The arterial phase, which occurs when the contrast arrives at the hepatic artery (10-35 seconds after injection)
The portal venous phase, which occurs after 35 to 120 seconds
And the late phase, which occurs after 120 seconds
Ultrasound contrast agents are administered intravenously in small volumes (e.g., 0.1-4.8 mL) using a sufficiently large needle to avoid causing bubble rupture.
Injected microbubbles are eliminated from the body partly by metabolism of the stabilizing shells within the liver and partly by the exhalation of the gas from the lungs over a period of approximately 15 to 20 minutes.
Using these microbubbles, CEUS has been shown to produce diagnostic accuracy similar to contrast-enhanced MRI or CT. Additionally, it is used to guide other procedures, such as liver biopsies or the radiofrequency ablation of liver lesions used to destroy tumors.
Elastography is an ultrasound technique that measures tissue stiffness and compressibility. This technique is very effective for the assessment of liver fibrosis for chronic diseases, as well as for estimating the risk of liver cirrhosis progressing to hepatocellular carcinoma.
Elastography has also been used to distinguish between benign and malignant liver tumors. As we know, diseases affect the properties of liver tissues: benign lesions are usually more compressible than the surrounding healthy tissues, while tumors tend to be stiffer and less compressible.
Tissue fibrosis is common in several liver conditions, including liver injury, cirrhosis, and viral infections, and is also associated with significant alterations in tissue elasticity.
Liver ultrasound elastography techniques are based on the principle that the speed of a wave that propagates through the liver is influenced by the stiffness of the tissue. Basically, the stiffer the liver, the faster the wave passes through it. Different ultrasound elastographic techniques have been developed, such as:
Static elastography: compares ultrasonic signals before and following a manual compression, thus identifying areas of increased relative stiffness
Acoustic radiation force imaging (ARFI): uses an acoustic radiation force to produce an effective compression of the tissue
Shear wave imaging: utilizes acoustic radiation force imaging to generate shear waves in the tissue. The velocities of the resultant shear waves are used to calculate the elasticity map of the tissue which can then be overlaid on conventional ultrasound images
Transient elastography (TE): uses a low-frequency pulsed excitation to produce shear waves in the liver tissue. The response of the tissue is used to calculate the elasticity with an ultrasound pulse-echo technique
All elastography methods, including static loads, external vibrators, and acoustic radiation forces, have been applied to generate diverse responses in a soft tissue. These methods have the same steps of analysis shown in this diagram.
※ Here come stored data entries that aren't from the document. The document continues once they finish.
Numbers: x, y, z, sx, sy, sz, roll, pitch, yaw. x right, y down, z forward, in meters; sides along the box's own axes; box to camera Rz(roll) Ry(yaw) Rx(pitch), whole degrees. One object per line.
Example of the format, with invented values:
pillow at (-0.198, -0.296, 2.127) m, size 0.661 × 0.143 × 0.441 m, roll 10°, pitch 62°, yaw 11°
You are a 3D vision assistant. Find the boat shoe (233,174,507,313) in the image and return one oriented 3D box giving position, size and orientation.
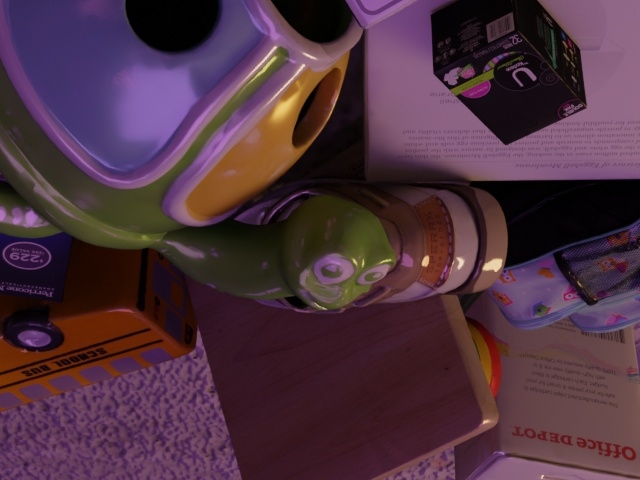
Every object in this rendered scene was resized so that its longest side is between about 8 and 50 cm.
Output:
boat shoe at (0.000, 0.000, 1.049) m, size 0.103 × 0.113 × 0.302 m, roll -1°, pitch 175°, yaw -37°

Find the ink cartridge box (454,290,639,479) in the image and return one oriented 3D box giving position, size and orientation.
ink cartridge box at (0.203, 0.130, 1.255) m, size 0.154 × 0.212 × 0.093 m, roll 12°, pitch 142°, yaw -16°

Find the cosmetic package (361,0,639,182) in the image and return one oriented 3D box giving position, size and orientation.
cosmetic package at (0.139, -0.159, 0.932) m, size 0.224 × 0.138 × 0.224 m, roll 0°, pitch 141°, yaw 1°

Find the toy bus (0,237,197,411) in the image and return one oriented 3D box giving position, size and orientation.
toy bus at (-0.286, 0.081, 1.280) m, size 0.333 × 0.108 × 0.130 m, roll -18°, pitch 141°, yaw 22°

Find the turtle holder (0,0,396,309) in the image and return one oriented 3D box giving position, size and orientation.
turtle holder at (-0.093, -0.104, 0.850) m, size 0.227 × 0.320 × 0.243 m, roll -19°, pitch 169°, yaw 34°

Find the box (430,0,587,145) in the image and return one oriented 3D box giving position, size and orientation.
box at (0.115, -0.109, 0.842) m, size 0.062 × 0.052 × 0.083 m, roll -23°, pitch 138°, yaw 30°

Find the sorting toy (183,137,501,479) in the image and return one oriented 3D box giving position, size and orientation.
sorting toy at (0.026, 0.081, 1.171) m, size 0.257 × 0.255 × 0.089 m, roll -32°, pitch 156°, yaw 35°

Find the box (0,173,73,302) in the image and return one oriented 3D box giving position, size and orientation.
box at (-0.323, -0.054, 1.108) m, size 0.261 × 0.103 × 0.184 m, roll 8°, pitch 145°, yaw -11°

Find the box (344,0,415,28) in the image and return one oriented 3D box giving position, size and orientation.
box at (0.021, -0.277, 0.705) m, size 0.169 × 0.087 × 0.290 m, roll -27°, pitch 113°, yaw 14°

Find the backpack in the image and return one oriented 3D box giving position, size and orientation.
backpack at (0.208, -0.012, 1.105) m, size 0.188 × 0.166 × 0.144 m, roll -17°, pitch 130°, yaw 25°
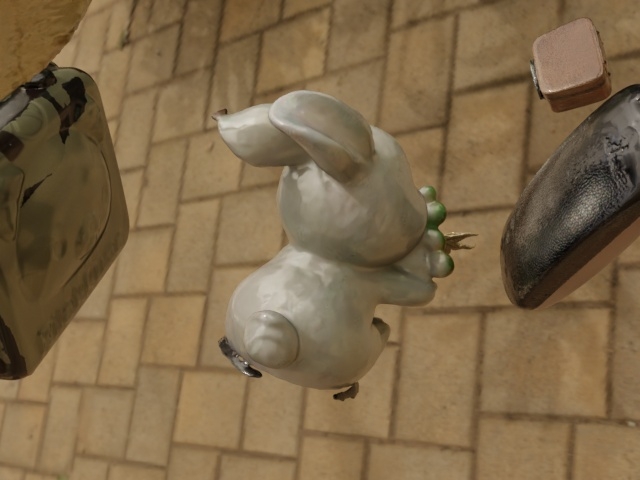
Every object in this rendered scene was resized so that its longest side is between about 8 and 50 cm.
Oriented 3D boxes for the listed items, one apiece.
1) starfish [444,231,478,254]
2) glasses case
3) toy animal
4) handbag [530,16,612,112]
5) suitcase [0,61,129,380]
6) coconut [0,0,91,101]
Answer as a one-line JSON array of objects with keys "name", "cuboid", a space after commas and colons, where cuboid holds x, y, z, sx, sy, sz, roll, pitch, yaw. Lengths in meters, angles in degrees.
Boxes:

First, an external stimulus is applied to a biological tissue. Next, the mechanical responses of the target soft tissues must be accurately tracked, a critical step in any elastography method. Then, these responses are analyzed in order to infer the mechanical properties of the tissue.
In addition to linear elastic parameters of the tissue, it has been demonstrated that hyperelastic, viscoelastic, and anisotropic elastic parameters may be inferred using different inverse methods reported in recent years. These properties may provide valuable information for the diagnosis and treatment of some diseases.
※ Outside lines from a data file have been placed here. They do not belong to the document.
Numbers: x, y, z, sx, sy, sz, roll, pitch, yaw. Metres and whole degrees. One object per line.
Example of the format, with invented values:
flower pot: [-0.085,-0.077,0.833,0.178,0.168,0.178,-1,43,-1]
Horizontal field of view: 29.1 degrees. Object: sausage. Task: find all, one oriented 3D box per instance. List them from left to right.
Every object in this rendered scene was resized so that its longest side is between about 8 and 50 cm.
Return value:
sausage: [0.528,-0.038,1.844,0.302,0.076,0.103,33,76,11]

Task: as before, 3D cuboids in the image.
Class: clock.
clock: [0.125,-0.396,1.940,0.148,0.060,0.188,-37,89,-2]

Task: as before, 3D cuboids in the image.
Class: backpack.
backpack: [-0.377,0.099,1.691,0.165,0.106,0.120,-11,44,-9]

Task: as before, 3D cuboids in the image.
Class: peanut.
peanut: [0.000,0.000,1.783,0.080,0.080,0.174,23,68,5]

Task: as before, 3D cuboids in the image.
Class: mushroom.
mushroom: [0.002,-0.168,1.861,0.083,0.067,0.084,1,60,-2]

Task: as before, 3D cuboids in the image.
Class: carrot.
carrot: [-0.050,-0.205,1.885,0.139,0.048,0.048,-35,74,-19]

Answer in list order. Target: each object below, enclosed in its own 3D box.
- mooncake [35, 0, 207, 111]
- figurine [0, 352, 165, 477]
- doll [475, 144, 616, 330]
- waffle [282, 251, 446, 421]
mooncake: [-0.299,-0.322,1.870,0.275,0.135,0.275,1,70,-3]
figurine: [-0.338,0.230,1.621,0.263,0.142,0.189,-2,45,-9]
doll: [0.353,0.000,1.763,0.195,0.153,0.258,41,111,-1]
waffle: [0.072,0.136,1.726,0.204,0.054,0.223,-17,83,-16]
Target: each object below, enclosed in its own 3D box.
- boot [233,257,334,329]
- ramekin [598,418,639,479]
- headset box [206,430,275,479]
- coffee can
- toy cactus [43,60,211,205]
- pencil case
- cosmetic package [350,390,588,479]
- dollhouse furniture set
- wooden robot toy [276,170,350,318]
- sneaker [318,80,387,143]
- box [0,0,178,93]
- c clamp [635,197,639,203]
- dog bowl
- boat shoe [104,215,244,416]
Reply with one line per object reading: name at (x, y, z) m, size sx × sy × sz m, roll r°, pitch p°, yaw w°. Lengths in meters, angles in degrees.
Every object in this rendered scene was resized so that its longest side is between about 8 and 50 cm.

In elastography, the ultrasound probe sends a stimulus and the response indicates the properties of the tissue (i.e., if it is a hard or a soft lesion). The color map indicates hard lesions with red points and soft lesions with blue points. Compared with the B-mode image on the left, the elastography method may provide more accurate information with respect to the size and the position of a lesion.
The last technique used for liver ultrasonography is endoscopic ultrasonography.
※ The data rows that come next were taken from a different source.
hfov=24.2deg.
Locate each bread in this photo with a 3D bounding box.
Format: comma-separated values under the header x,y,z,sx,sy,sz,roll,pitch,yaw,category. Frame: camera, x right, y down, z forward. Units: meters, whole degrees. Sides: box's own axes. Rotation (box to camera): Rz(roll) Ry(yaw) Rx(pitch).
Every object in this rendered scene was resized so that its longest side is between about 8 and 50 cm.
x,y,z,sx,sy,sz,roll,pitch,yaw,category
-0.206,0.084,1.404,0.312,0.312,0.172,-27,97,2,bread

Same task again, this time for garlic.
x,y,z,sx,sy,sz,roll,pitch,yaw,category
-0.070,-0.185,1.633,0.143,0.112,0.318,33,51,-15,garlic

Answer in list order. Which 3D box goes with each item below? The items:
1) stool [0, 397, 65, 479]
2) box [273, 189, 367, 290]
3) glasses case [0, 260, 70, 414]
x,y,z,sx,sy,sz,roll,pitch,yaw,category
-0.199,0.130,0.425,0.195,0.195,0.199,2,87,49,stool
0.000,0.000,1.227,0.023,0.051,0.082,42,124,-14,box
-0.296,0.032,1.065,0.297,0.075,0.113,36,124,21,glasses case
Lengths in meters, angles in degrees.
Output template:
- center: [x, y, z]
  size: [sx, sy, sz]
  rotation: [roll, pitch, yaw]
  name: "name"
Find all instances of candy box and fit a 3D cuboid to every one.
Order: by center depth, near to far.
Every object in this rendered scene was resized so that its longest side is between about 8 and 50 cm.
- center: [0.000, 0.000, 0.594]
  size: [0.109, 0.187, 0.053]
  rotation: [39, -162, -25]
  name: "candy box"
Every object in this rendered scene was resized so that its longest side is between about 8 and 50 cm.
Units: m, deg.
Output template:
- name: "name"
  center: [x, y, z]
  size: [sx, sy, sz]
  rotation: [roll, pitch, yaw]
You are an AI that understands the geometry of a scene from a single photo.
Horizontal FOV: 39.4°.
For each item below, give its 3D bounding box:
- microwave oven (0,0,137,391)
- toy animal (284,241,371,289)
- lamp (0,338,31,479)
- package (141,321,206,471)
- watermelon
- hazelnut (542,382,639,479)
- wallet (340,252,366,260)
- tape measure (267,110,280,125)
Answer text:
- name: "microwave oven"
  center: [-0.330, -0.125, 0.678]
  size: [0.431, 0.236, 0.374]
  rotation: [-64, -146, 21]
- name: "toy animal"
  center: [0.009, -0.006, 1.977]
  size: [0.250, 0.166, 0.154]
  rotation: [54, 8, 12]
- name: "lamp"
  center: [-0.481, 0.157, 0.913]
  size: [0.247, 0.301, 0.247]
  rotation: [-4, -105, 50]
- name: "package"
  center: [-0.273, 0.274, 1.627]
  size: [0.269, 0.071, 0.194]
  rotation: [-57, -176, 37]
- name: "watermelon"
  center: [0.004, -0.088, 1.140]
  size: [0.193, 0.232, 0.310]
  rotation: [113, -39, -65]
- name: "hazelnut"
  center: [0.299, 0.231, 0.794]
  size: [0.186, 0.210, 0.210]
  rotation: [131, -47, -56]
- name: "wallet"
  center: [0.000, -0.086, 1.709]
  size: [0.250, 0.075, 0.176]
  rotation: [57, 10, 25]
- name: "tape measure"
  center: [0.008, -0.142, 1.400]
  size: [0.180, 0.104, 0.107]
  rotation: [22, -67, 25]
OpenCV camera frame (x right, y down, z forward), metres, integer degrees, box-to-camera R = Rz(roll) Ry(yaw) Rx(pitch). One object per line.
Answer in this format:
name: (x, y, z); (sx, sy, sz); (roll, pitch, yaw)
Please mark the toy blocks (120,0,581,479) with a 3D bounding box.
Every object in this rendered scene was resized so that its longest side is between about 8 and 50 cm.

Endoscopic ultrasound (EUS) has been used to visualize the upper gastrointestinal tract and pancreas and has increasingly been studied for its use in diagnosing liver diseases and guiding liver biopsies.
An endoscope may be inserted into the upper or lower digestive tract. An ultrasound transducer is attached to the tip of the endoscope so it may be positioned closer to the organ of interest and thereby obtain better ultrasound images.
Many studies have demonstrated that EUS can detect focal lesions of less than 5mm for fine needle aspiration biopsy that are not visible on CT imaging.
EUS combined with elastography helps to detect malignant tumors and guide drainage of hepatic cysts.
Technologists shall be able to image the patient and identify different pathologies of the liver.
This section will cover examination techniques including, the indications of the liver, the position of the patient, the measurements to cover the entire liver, the obstacles that limit the efficiency of the image, and the different parts of the liver that should be included in the image to allow for the best possible diagnosis.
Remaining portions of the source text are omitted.